I have expected to kill myself for the last three months, finishing an addition to my work on the origin and changes of the French civil law. It will take only three hours to read it; but, I assure you, it has been such a labor to me, that my hair has turned white under it all.
Finally it touches nadir:
It [his work] has almost cost me my life; I must rest; I can work no more.
My candles are all burned out; I have set off all my cartridges.
When Montesquieu died, only Diderot, among Parisian men of letters, followed him to his tomb.
Belonging to an entirely different world, literary, social, political, from that in which Montesquieu flourished—more than one full century, and that a French century, had intervened—was a man kindred in genius with him, to whom, for the double reason that his intellectual rank deserves it, and that the subject of his principal work is one to command especially the interest of Americans, we feel compelled to devote serious, though it must be hastening, attention. We refer to Alexis de Tocqueville, the author of that famous book, “Democracy in America.” We can most conveniently discharge our duty by letting their likeness in intellectual character and achievement bridge for us the chasm of time between the two men, and thus considering the later in conjunction here with the earlier author.
“Democracy in America” is a most remarkable book to have been, as in fact it was, the production of a young man of thirty. It was the fruit of a tour in the United States undertaken by the writer ostensibly to visit in an official capacity the prisons of the new nation that France had helped create, in a kind of counterpoise to England, on this side of the Atlantic. The inquisitive young French inspector inspected much more than the prison system of the lusty infant republic. He observed and studied American institutions and manners at large, in order to lay a base line for the boldest speculative triangulation into the probable political future of the world.
Tocqueville held the belief that democracy, as a system of government, was destined to prevail universally. He wrote his observations and reflections, and he made his guesses, primarily for the instruction of France. So confident was his conviction on the subject of democratic destiny for his own country at least, that, while as yet the apparently profound peace was undisturbed of the monarchical reaction under Louis Philippe, he predicted an impending revolution; predicted in fact the revolution which actually occurred in 1848. France, after that date, both during the prophet’s life, and subsequently to his death, experienced her vibrations from, one form of government to another; but no one can now deny that thus far the resultant tendency is in favor of Tocqueville’s bold speculative forecast of the political future of his nation.
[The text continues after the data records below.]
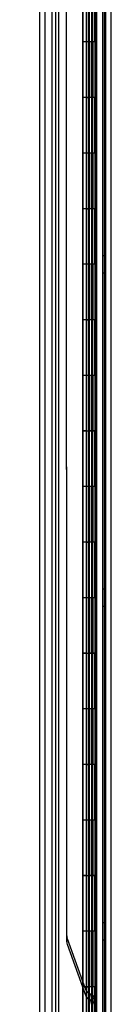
# Model space of a CAD drawing. Header units: inches. Extents: x 1 to 359, y -2 to 239.
# Tile 51 of 82: x 176.61 to 178.25, y 121.07 to 138.78. Entities that reach past the tile are written whole.
import ezdxf
from ezdxf.enums import TextEntityAlignment as Align
from ezdxf.lldxf.tags import DXFTag

# ---------------------------------------------------------------- set-up
doc = ezdxf.new("R2010")
doc.units = ezdxf.units.IN
doc.header["$MEASUREMENT"] = 0
for name, color, linetype in [('COM54746-60', 7, 'Continuous'), ('COM70220', 7, 'Continuous'), ('COM70739-9', 7, 'Continuous'), ('COM70839-3', 7, 'Continuous'), ('COM71196-6', 7, 'Continuous'), ('COM71301-1', 7, 'Continuous'), ('Default', 7, 'Continuous')]:
    doc.layers.add(name, color=color, linetype=linetype)
doc.styles.add('SEACAD_Times_New_Roman', font='times.ttf')
tags = doc.linetypes.add('HIDDEN2', pattern=[0.1875, 0.125, -0.0625]).pattern_tags.tags
tags[6:7] = [DXFTag(74, 4), DXFTag(75, 0), DXFTag(340, '0'), DXFTag(46, 0.0), DXFTag(50, 0.0), DXFTag(44, 0.0), DXFTag(45, 0.0)]
tags[4:5] = [DXFTag(74, 4), DXFTag(75, 0), DXFTag(340, '0'), DXFTag(46, 0.0), DXFTag(50, 0.0), DXFTag(44, 0.0), DXFTag(45, 0.0)]
doc.dimstyles.new('HAMMOND_(STH_-_300x200)', dxfattribs={"dimtxt": 1.5, "dimasz": 1.875, "dimexe": 0.75, "dimexo": 0.75, "dimgap": 0.375, "dimtad": 0, "dimtih": 1, "dimtoh": 1, "dimzin": 0, "dimdsep": 46, "dimtxsty": 'SEACAD_Times_New_Roman', "dimblk1": '_SE_FILLED', "dimblk2": '_SE_FILLED', "dimsah": 1, "dimcen": 0.75, "dimadec": 0, "dimazin": 0, "dimtfac": 0.8, "dimtofl": 0, "dimtmove": 0, "dimatfit": 3, "dimfxl": 1, "dimtolj": 1, "dimtzin": 0, "dimarcsym": 0})

# ---------------------------------------------------------------- blocks, each defined once
blk = doc.blocks.new('SE4')
at = {"layer": 'COM54746-60', "color": 7, "linetype": 'HIDDEN2'}
for p, q in [((177.25, 149.382), (177.25, 89.382)), ((178.091, 149.382), (178.091, 89.382)), ((177.805, 148.382), (177.805, 89.382)), ((177.905, 89.382), (177.905, 148.382)), ((177.8, 139.382), (177.8, 138.382)), ((177.844, 138.382), (177.844, 139.381)), ((177.85, 138.382), (177.85, 139.381)), ((177.855, 139.382), (177.855, 138.382)), ((177.897, 139.382), (177.897, 138.382)), ((177.91, 138.382), (177.91, 139.381)), ((177.972, 138.382), (177.972, 139.381)), ((177.981, 139.382), (177.981, 138.382)), ((177.986, 138.382), (177.986, 139.382)), ((177.99, 138.382), (177.99, 139.382)), ((177.8, 138.382), (177.8, 137.381)), ((177.844, 138.382), (177.844, 137.381)), ((177.85, 138.382), (177.85, 137.381)), ((177.855, 137.382), (177.855, 138.382)), ((177.897, 137.382), (177.897, 138.382)), ((177.91, 137.381), (177.91, 138.382)), ((177.942, 137.382), (177.942, 138.382)), ((177.99, 138.382), (177.986, 138.382)), ((177.99, 137.382), (177.99, 138.382)), ((177.8, 137.383), (177.738, 137.383)), ((177.8, 137.383), (177.844, 137.383)), ((177.8, 137.382), (177.8, 136.382)), ((177.972, 137.383), (177.844, 137.383)), ((177.844, 136.382), (177.844, 137.381)), ((177.85, 136.382), (177.85, 137.381)), ((177.855, 137.382), (177.855, 136.382)), ((177.897, 137.382), (177.897, 136.382)), ((177.91, 136.382), (177.91, 137.381)), ((177.972, 137.381), (177.972, 137.382)), ((177.972, 136.382), (177.972, 137.381)), ((177.981, 137.382), (177.981, 136.382)), ((177.99, 137.382), (177.986, 137.382)), ((177.986, 136.382), (177.986, 137.382)), ((177.99, 136.382), (177.99, 137.382)), ((177.8, 136.382), (177.8, 135.381)), ((177.844, 136.382), (177.844, 135.381)), ((177.85, 136.382), (177.85, 135.381)), ((177.855, 135.382), (177.855, 136.382)), ((177.897, 135.382), (177.897, 136.382)), ((177.91, 135.381), (177.91, 136.382)), ((177.942, 135.382), (177.942, 136.382)), ((177.99, 136.382), (177.986, 136.382)), ((177.99, 135.382), (177.99, 136.382)), ((177.8, 135.383), (177.738, 135.383)), ((177.8, 135.383), (177.844, 135.383)), ((177.8, 135.382), (177.8, 134.382)), ((177.972, 135.383), (177.844, 135.383)), ((177.844, 134.382), (177.844, 135.381)), ((177.85, 134.382), (177.85, 135.381)), ((177.855, 135.382), (177.855, 134.382)), ((177.897, 135.382), (177.897, 134.382)), ((177.91, 134.382), (177.91, 135.381)), ((177.972, 135.381), (177.972, 135.382)), ((177.972, 134.382), (177.972, 135.381)), ((177.981, 135.382), (177.981, 134.382)), ((177.99, 135.382), (177.986, 135.382)), ((177.986, 134.382), (177.986, 135.382)), ((177.99, 134.382), (177.99, 135.382)), ((178.153, 134.534), (178.091, 134.534)), ((177.8, 134.382), (177.8, 133.381)), ((177.844, 134.382), (177.844, 133.381)), ((177.85, 134.382), (177.85, 133.381)), ((177.855, 133.382), (177.855, 134.382)), ((177.897, 133.382), (177.897, 134.382)), ((177.91, 133.381), (177.91, 134.382)), ((177.942, 133.382), (177.942, 134.382)), ((177.99, 134.382), (177.986, 134.382)), ((177.99, 133.382), (177.99, 134.382)), ((178.091, 134.23), (178.153, 134.23)), ((177.8, 133.383), (177.738, 133.383)), ((177.8, 133.383), (177.844, 133.383)), ((177.8, 133.382), (177.8, 132.382)), ((177.972, 133.383), (177.844, 133.383)), ((177.844, 132.382), (177.844, 133.381)), ((177.85, 132.382), (177.85, 133.381)), ((177.855, 133.382), (177.855, 132.382)), ((177.897, 133.382), (177.897, 132.382)), ((177.91, 132.382), (177.91, 133.381)), ((177.972, 133.381), (177.972, 133.382)), ((177.972, 132.382), (177.972, 133.381)), ((177.981, 133.382), (177.981, 132.382)), ((177.99, 133.382), (177.986, 133.382)), ((177.986, 132.382), (177.986, 133.382)), ((177.99, 132.382), (177.99, 133.382)), ((177.8, 132.382), (177.8, 131.381)), ((177.844, 132.382), (177.844, 131.381)), ((177.85, 132.382), (177.85, 131.381)), ((177.855, 131.382), (177.855, 132.382)), ((177.897, 131.382), (177.897, 132.382)), ((177.91, 131.381), (177.91, 132.382)), ((177.942, 131.382), (177.942, 132.382)), ((177.99, 132.382), (177.986, 132.382)), ((177.99, 131.382), (177.99, 132.382)), ((177.8, 131.383), (177.738, 131.383)), ((177.8, 131.383), (177.844, 131.383)), ((177.8, 131.382), (177.8, 130.382)), ((177.972, 131.383), (177.844, 131.383)), ((177.844, 130.382), (177.844, 131.381)), ((177.85, 130.382), (177.85, 131.381)), ((177.855, 131.382), (177.855, 130.382)), ((177.897, 131.382), (177.897, 130.382)), ((177.91, 130.382), (177.91, 131.381)), ((177.972, 131.381), (177.972, 131.382)), ((177.972, 130.382), (177.972, 131.381)), ((177.981, 131.382), (177.981, 130.382)), ((177.99, 131.382), (177.986, 131.382)), ((177.986, 130.382), (177.986, 131.382)), ((177.99, 130.382), (177.99, 131.382)), ((177.8, 130.382), (177.8, 129.381)), ((177.844, 130.382), (177.844, 129.381)), ((177.85, 130.382), (177.85, 129.381)), ((177.855, 129.382), (177.855, 130.382)), ((177.897, 129.382), (177.897, 130.382)), ((177.91, 129.381), (177.91, 130.382)), ((177.942, 129.382), (177.942, 130.382)), ((177.99, 130.382), (177.986, 130.382)), ((177.99, 129.382), (177.99, 130.382)), ((177.8, 129.383), (177.738, 129.383)), ((177.8, 129.383), (177.844, 129.383)), ((177.8, 129.382), (177.8, 128.382)), ((177.972, 129.383), (177.844, 129.383)), ((177.844, 128.382), (177.844, 129.381)), ((177.85, 128.382), (177.85, 129.381)), ((177.855, 129.382), (177.855, 128.382)), ((177.897, 129.382), (177.897, 128.382)), ((177.91, 128.382), (177.91, 129.381)), ((177.972, 129.381), (177.972, 129.382)), ((177.972, 128.382), (177.972, 129.381)), ((177.981, 129.382), (177.981, 128.382)), ((177.99, 129.382), (177.986, 129.382)), ((177.986, 128.382), (177.986, 129.382)), ((177.99, 128.382), (177.99, 129.382)), ((178.153, 128.534), (178.091, 128.534)), ((177.8, 128.382), (177.8, 127.381)), ((177.844, 128.382), (177.844, 127.381)), ((177.85, 128.382), (177.85, 127.381)), ((177.855, 127.382), (177.855, 128.382)), ((177.897, 127.382), (177.897, 128.382)), ((177.91, 127.381), (177.91, 128.382)), ((177.942, 127.382), (177.942, 128.382)), ((177.99, 128.382), (177.986, 128.382)), ((177.99, 127.382), (177.99, 128.382)), ((178.091, 128.23), (178.153, 128.23)), ((177.8, 127.383), (177.738, 127.383)), ((177.8, 127.383), (177.844, 127.383)), ((177.8, 127.382), (177.8, 126.382)), ((177.972, 127.383), (177.844, 127.383)), ((177.844, 126.382), (177.844, 127.381)), ((177.85, 126.382), (177.85, 127.381)), ((177.855, 127.382), (177.855, 126.382)), ((177.897, 127.382), (177.897, 126.382)), ((177.91, 126.382), (177.91, 127.381)), ((177.972, 127.381), (177.972, 127.382)), ((177.972, 126.382), (177.972, 127.381)), ((177.981, 127.382), (177.981, 126.382)), ((177.99, 127.382), (177.986, 127.382)), ((177.986, 126.382), (177.986, 127.382)), ((177.99, 126.382), (177.99, 127.382)), ((177.8, 126.382), (177.8, 125.381)), ((177.844, 126.382), (177.844, 125.381)), ((177.85, 126.382), (177.85, 125.381)), ((177.855, 125.382), (177.855, 126.382)), ((177.897, 125.382), (177.897, 126.382)), ((177.91, 125.381), (177.91, 126.382)), ((177.942, 125.382), (177.942, 126.382)), ((177.99, 126.382), (177.986, 126.382)), ((177.99, 125.382), (177.99, 126.382)), ((177.8, 125.383), (177.738, 125.383)), ((177.8, 125.383), (177.844, 125.383)), ((177.8, 125.382), (177.8, 124.382)), ((177.972, 125.383), (177.844, 125.383)), ((177.844, 124.382), (177.844, 125.381)), ((177.85, 124.382), (177.85, 125.381)), ((177.855, 125.382), (177.855, 124.382)), ((177.897, 125.382), (177.897, 124.382)), ((177.91, 124.382), (177.91, 125.381)), ((177.972, 125.381), (177.972, 125.382)), ((177.972, 124.382), (177.972, 125.381)), ((177.981, 125.382), (177.981, 124.382)), ((177.99, 125.382), (177.986, 125.382)), ((177.986, 124.382), (177.986, 125.382)), ((177.99, 124.382), (177.99, 125.382)), ((177.8, 124.382), (177.8, 123.381)), ((177.844, 124.382), (177.844, 123.381)), ((177.85, 124.382), (177.85, 123.381)), ((177.855, 123.382), (177.855, 124.382)), ((177.897, 123.382), (177.897, 124.382)), ((177.91, 123.381), (177.91, 124.382)), ((177.942, 123.382), (177.942, 124.382)), ((177.99, 124.382), (177.986, 124.382)), ((177.99, 123.382), (177.99, 124.382)), ((177.8, 123.383), (177.738, 123.383)), ((177.8, 123.383), (177.844, 123.383)), ((177.8, 123.382), (177.8, 122.382)), ((177.972, 123.383), (177.844, 123.383)), ((177.844, 122.382), (177.844, 123.381)), ((177.85, 122.382), (177.85, 123.381)), ((177.855, 123.382), (177.855, 122.382)), ((177.897, 123.382), (177.897, 122.382)), ((177.91, 122.382), (177.91, 123.381)), ((177.972, 123.381), (177.972, 123.382)), ((177.972, 122.382), (177.972, 123.381)), ((177.981, 123.382), (177.981, 122.382)), ((177.99, 123.382), (177.986, 123.382)), ((177.986, 122.382), (177.986, 123.382)), ((177.99, 122.382), (177.99, 123.382)), ((178.153, 122.534), (178.091, 122.534)), ((177.8, 122.382), (177.8, 121.381)), ((177.844, 122.382), (177.844, 121.381)), ((177.85, 122.382), (177.85, 121.381)), ((177.855, 121.382), (177.855, 122.382)), ((177.897, 121.382), (177.897, 122.382)), ((177.91, 121.381), (177.91, 122.382)), ((177.942, 121.382), (177.942, 122.382)), ((177.99, 122.382), (177.986, 122.382)), ((177.99, 121.382), (177.99, 122.382)), ((178.091, 122.23), (178.153, 122.23)), ((177.8, 121.383), (177.738, 121.383)), ((177.8, 121.383), (177.844, 121.383)), ((177.8, 121.382), (177.8, 120.382)), ((177.972, 121.383), (177.844, 121.383)), ((177.844, 120.382), (177.844, 121.381)), ((177.85, 120.382), (177.85, 121.381)), ((177.855, 121.382), (177.855, 120.382)), ((177.897, 121.382), (177.897, 120.382)), ((177.91, 120.382), (177.91, 121.381)), ((177.972, 121.381), (177.972, 121.382)), ((177.972, 120.382), (177.972, 121.381)), ((177.981, 121.382), (177.981, 120.382)), ((177.99, 121.382), (177.986, 121.382)), ((177.986, 120.382), (177.986, 121.382)), ((177.99, 120.382), (177.99, 121.382))]:
    blk.add_line(p, q, dxfattribs=at)
at = {"layer": 'COM54746-60', "color": 7, "linetype": 'Continuous'}
for p, q in [((177.738, 139.382), (177.738, 138.382)), ((177.942, 139.382), (177.942, 138.382)), ((177.738, 138.382), (177.738, 137.381)), ((177.942, 138.382), (177.738, 138.382)), ((177.942, 138.382), (177.738, 138.382)), ((177.986, 138.382), (177.942, 138.382)), ((177.972, 137.382), (177.972, 138.382)), ((177.981, 137.382), (177.981, 138.382)), ((177.986, 138.382), (177.986, 137.382)), ((177.942, 137.382), (177.738, 137.382)), ((177.738, 137.382), (177.738, 136.382)), ((177.972, 137.381), (177.738, 137.381)), ((177.942, 137.382), (177.942, 136.382)), ((177.986, 137.382), (177.942, 137.382)), ((177.738, 136.382), (177.738, 135.381)), ((177.942, 136.382), (177.738, 136.382)), ((177.942, 136.382), (177.738, 136.382)), ((177.986, 136.382), (177.942, 136.382)), ((177.972, 135.382), (177.972, 136.382)), ((177.981, 135.382), (177.981, 136.382)), ((177.986, 136.382), (177.986, 135.382)), ((177.942, 135.382), (177.738, 135.382)), ((177.738, 135.382), (177.738, 134.382)), ((177.972, 135.381), (177.738, 135.381)), ((177.942, 135.382), (177.942, 134.382)), ((177.986, 135.382), (177.942, 135.382)), ((177.738, 134.382), (177.738, 133.381)), ((177.942, 134.382), (177.738, 134.382)), ((177.942, 134.382), (177.738, 134.382)), ((177.986, 134.382), (177.942, 134.382)), ((177.972, 133.382), (177.972, 134.382)), ((177.981, 133.382), (177.981, 134.382)), ((177.986, 134.382), (177.986, 133.382)), ((177.942, 133.382), (177.738, 133.382)), ((177.738, 133.382), (177.738, 132.382)), ((177.972, 133.381), (177.738, 133.381)), ((177.942, 133.382), (177.942, 132.382)), ((177.986, 133.382), (177.942, 133.382)), ((177.738, 132.382), (177.738, 131.381)), ((177.942, 132.382), (177.738, 132.382)), ((177.942, 132.382), (177.738, 132.382)), ((177.986, 132.382), (177.942, 132.382)), ((177.972, 131.382), (177.972, 132.382)), ((177.981, 131.382), (177.981, 132.382)), ((177.986, 132.382), (177.986, 131.382)), ((177.942, 131.382), (177.738, 131.382)), ((177.738, 131.382), (177.738, 130.382)), ((177.972, 131.381), (177.738, 131.381)), ((177.942, 131.382), (177.942, 130.382)), ((177.986, 131.382), (177.942, 131.382)), ((177.738, 130.382), (177.738, 129.381)), ((177.942, 130.382), (177.738, 130.382)), ((177.942, 130.382), (177.738, 130.382)), ((177.986, 130.382), (177.942, 130.382)), ((177.972, 129.382), (177.972, 130.382)), ((177.981, 129.382), (177.981, 130.382)), ((177.986, 130.382), (177.986, 129.382)), ((177.942, 129.382), (177.738, 129.382)), ((177.738, 129.382), (177.738, 128.382)), ((177.972, 129.381), (177.738, 129.381)), ((177.942, 129.382), (177.942, 128.382)), ((177.986, 129.382), (177.942, 129.382)), ((177.738, 128.382), (177.738, 127.381)), ((177.942, 128.382), (177.738, 128.382)), ((177.942, 128.382), (177.738, 128.382)), ((177.986, 128.382), (177.942, 128.382)), ((177.972, 127.382), (177.972, 128.382)), ((177.981, 127.382), (177.981, 128.382)), ((177.986, 128.382), (177.986, 127.382)), ((177.942, 127.382), (177.738, 127.382)), ((177.738, 127.382), (177.738, 126.382)), ((177.972, 127.381), (177.738, 127.381)), ((177.942, 127.382), (177.942, 126.382)), ((177.986, 127.382), (177.942, 127.382)), ((177.738, 126.382), (177.738, 125.381)), ((177.942, 126.382), (177.738, 126.382)), ((177.942, 126.382), (177.738, 126.382)), ((177.986, 126.382), (177.942, 126.382)), ((177.972, 125.382), (177.972, 126.382)), ((177.981, 125.382), (177.981, 126.382)), ((177.986, 126.382), (177.986, 125.382)), ((177.942, 125.382), (177.738, 125.382)), ((177.738, 125.382), (177.738, 124.382)), ((177.972, 125.381), (177.738, 125.381)), ((177.942, 125.382), (177.942, 124.382)), ((177.986, 125.382), (177.942, 125.382)), ((177.738, 124.382), (177.738, 123.381)), ((177.942, 124.382), (177.738, 124.382)), ((177.942, 124.382), (177.738, 124.382)), ((177.986, 124.382), (177.942, 124.382)), ((177.972, 123.382), (177.972, 124.382)), ((177.981, 123.382), (177.981, 124.382)), ((177.986, 124.382), (177.986, 123.382)), ((177.942, 123.382), (177.738, 123.382)), ((177.738, 123.382), (177.738, 122.382)), ((177.972, 123.381), (177.738, 123.381)), ((177.942, 123.382), (177.942, 122.382)), ((177.986, 123.382), (177.942, 123.382)), ((177.738, 122.382), (177.738, 121.381)), ((177.942, 122.382), (177.738, 122.382)), ((177.942, 122.382), (177.738, 122.382)), ((177.986, 122.382), (177.942, 122.382)), ((177.972, 121.382), (177.972, 122.382)), ((177.981, 121.382), (177.981, 122.382)), ((177.986, 122.382), (177.986, 121.382)), ((177.942, 121.382), (177.738, 121.382)), ((177.738, 121.382), (177.738, 120.382)), ((177.972, 121.381), (177.738, 121.381)), ((177.942, 121.382), (177.942, 120.382)), ((177.986, 121.382), (177.942, 121.382))]:
    blk.add_line(p, q, dxfattribs=at)
at = {"layer": 'COM70220', "color": 7, "linetype": 'HIDDEN2'}
for p, q in [((177.062, 88.816), (177.062, 149.876)), ((177.063, 88.816), (177.063, 149.876)), ((177.065, 88.816), (177.065, 149.876)), ((177.311, 88.816), (177.311, 149.876))]:
    blk.add_line(p, q, dxfattribs=at)
at = {"layer": 'COM70739-9', "color": 7, "linetype": 'HIDDEN2'}
blk.add_line((178.123, 149.583), (178.123, 88.963), dxfattribs=at)
at = {"layer": 'COM70839-3', "color": 7, "linetype": 'HIDDEN2'}
for p, q in [((177.45, 122.297), (177.447, 147.939)), ((177.909, 120.037), (177.906, 147.939)), ((177.981, 120.037), (177.978, 147.939)), ((177.45, 122.189), (177.447, 147.831)), ((177.909, 119.929), (177.906, 147.831)), ((177.981, 119.929), (177.978, 147.831)), ((177.457, 122.254), (177.789, 121.336)), ((177.457, 122.147), (177.789, 121.229)), ((177.895, 121.175), (177.939, 121.175)), ((177.895, 121.068), (177.895, 121.175)), ((177.939, 121.068), (177.939, 121.175))]:
    blk.add_line(p, q, dxfattribs=at)
for centre, radius, start, end in [((177.575, 122.297), 0.125, 180.0066, 199.8699), ((177.575, 122.189), 0.125, 180.0066, 199.8699), ((177.907, 121.379), 0.125, 199.8699, 244.8221), ((177.907, 121.271), 0.125, 199.8699, 244.8221), ((177.811, 121.175), 0.1, 51.6539, 64.8221), ((177.769, 121.182), 0.126, 356.7583, 34.4921), ((177.811, 121.067), 0.1, 51.6539, 64.8221), ((177.769, 121.075), 0.126, 356.7583, 34.4921)]:
    blk.add_arc(centre, radius, start, end, dxfattribs=at)
for points in [[(177.873, 121.253), (177.875, 121.253), (177.877, 121.251), (177.883, 121.249), (177.891, 121.245), (177.906, 121.236), (177.921, 121.223), (177.93, 121.209), (177.935, 121.198), (177.938, 121.188), (177.939, 121.181), (177.939, 121.177), (177.939, 121.175)], [(177.873, 121.146), (177.875, 121.145), (177.877, 121.144), (177.883, 121.142), (177.891, 121.137), (177.906, 121.128), (177.921, 121.115), (177.93, 121.101), (177.935, 121.09), (177.938, 121.081), (177.939, 121.073), (177.939, 121.069), (177.939, 121.067)]]:
    blk.add_open_spline(points, degree=3, knots=[0, 0, 0, 0, 0.046761, 0.078989, 0.156051, 0.302551, 0.565706, 0.683753, 0.793954, 0.898513, 0.94939, 1, 1, 1, 1], dxfattribs=at)
at = {"layer": 'COM71196-6', "color": 7, "linetype": 'Continuous'}
for p, q in [((176.966, 88.306), (176.966, 150.458)), ((177.736, 88.211), (177.736, 150.553))]:
    blk.add_line(p, q, dxfattribs=at)
at = {"layer": 'COM71196-6', "color": 7, "linetype": 'HIDDEN2'}
for p, q in [((177.061, 88.306), (177.061, 150.458)), ((177.841, 150.023), (177.841, 88.523))]:
    blk.add_line(p, q, dxfattribs=at)
at = {"layer": 'COM71301-1', "color": 7, "linetype": 'HIDDEN2'}
for p, q in [((177.186, 88.618), (177.186, 149.928)), ((178.248, 88.618), (178.248, 149.928))]:
    blk.add_line(p, q, dxfattribs=at)
at = {"layer": 'COM71301-1', "color": 7, "linetype": 'Continuous'}
blk.add_line((178.153, 88.618), (178.153, 149.928), dxfattribs=at)
blk = doc.blocks.new('DMBLK23')
at = {"layer": 'Default', "linetype": 'Continuous', "transparency": 16777216}
for points in [[(163.212, 148.773), (163.837, 148.773), (163.525, 150.648)], [(163.212, 89.991), (163.525, 88.116), (163.837, 89.991)]]:
    blk.add_hatch(color=7, dxfattribs=at).paths.add_polyline_path(points)
at = {"layer": 'Default', "color": 7, "linetype": 'Continuous', "transparency": 16777216}
for p, q in [((176.406, 150.648), (162.775, 150.648)), ((163.525, 150.648), (163.525, 120.657)), ((163.525, 115.857), (163.525, 88.116)), ((176.406, 88.116), (162.775, 88.116))]:
    blk.add_line(p, q, dxfattribs=at)
at = {"layer": 'Default', "color": 7, "linetype": 'Continuous', "transparency": 16777216, "style": 'SEACAD_Times_New_Roman'}
for s, p in [('62.53', (160.965, 120.132)), ('DOOR', (160.379, 117.882))]:
    blk.add_text(s, height=1.5, dxfattribs=at).set_placement(p, align=Align.TOP_LEFT)
blk = doc.blocks.new('_SE_FILLED')
at = {"color": 0}
blk.add_line((0, 0), (-1, 0), dxfattribs=at)
blk.add_solid([(0, 0), (-1, -0.1665), (-1, 0.1665), (0, 0)], dxfattribs=at)

msp = doc.modelspace()

# ---------------------------------------------------------------- block references
at = {"layer": 'Default'}
msp.add_blockref('SE4', (0, 0), dxfattribs=at)

# ---------------------------------------------------------------- dimensions: what is measured, and where the dimension line sits
at = {"layer": 'Default', "color": 7, "linetype": 'Continuous'}
dim = msp.add_linear_dim(base=(163.525, 150.648), p1=(177.156, 150.648), p2=(177.156, 88.116), angle=270, text='\\A1;<>\\PDOOR', dimstyle='HAMMOND_(STH_-_300x200)', dxfattribs=at)
dim.commit()
dim.dimension.update_dxf_attribs({"geometry": 'DMBLK23', "text_midpoint": (163.525, 119.382), "dimtype": 161})

doc.saveas('drawing.dxf')

The same thing is true, we think, more broadly, of the world in general; and of this Brazil apparently furnishes a striking late instance in confirmation.
“Democracy in America” is a classic in literature. Its credit is highest with those best qualified to form a judgment. But its fame is universal. It associates its author in rank of genius with the foremost political philosophers of the world—with Machiavelli, with Montesquieu, with Burke. Every American aiming at a political career, every American journalist having to discuss political subjects should be familiar with this book. Mr. Bryce’s more recent work on the United States, which has sprung so suddenly into such commanding fame, by no means supersedes, though it does most usefully supplement, the monumental treatise of Tocqueville—a name generally miscalled “De Tocqueville.”
Of Alexis de Tocqueville’s life it need only be said that, sprung of a noble French family, he ran a respectable, though neither a brilliant, nor a very influential, career in the politics of his country; until, discontented with the second empire, that of the usurper, Louis Napoleon, he retired, about 1851, from public service and devoted himself to labor with the pen. His second chief work was “The Ancient Régime,” published in 1856, three years before his death.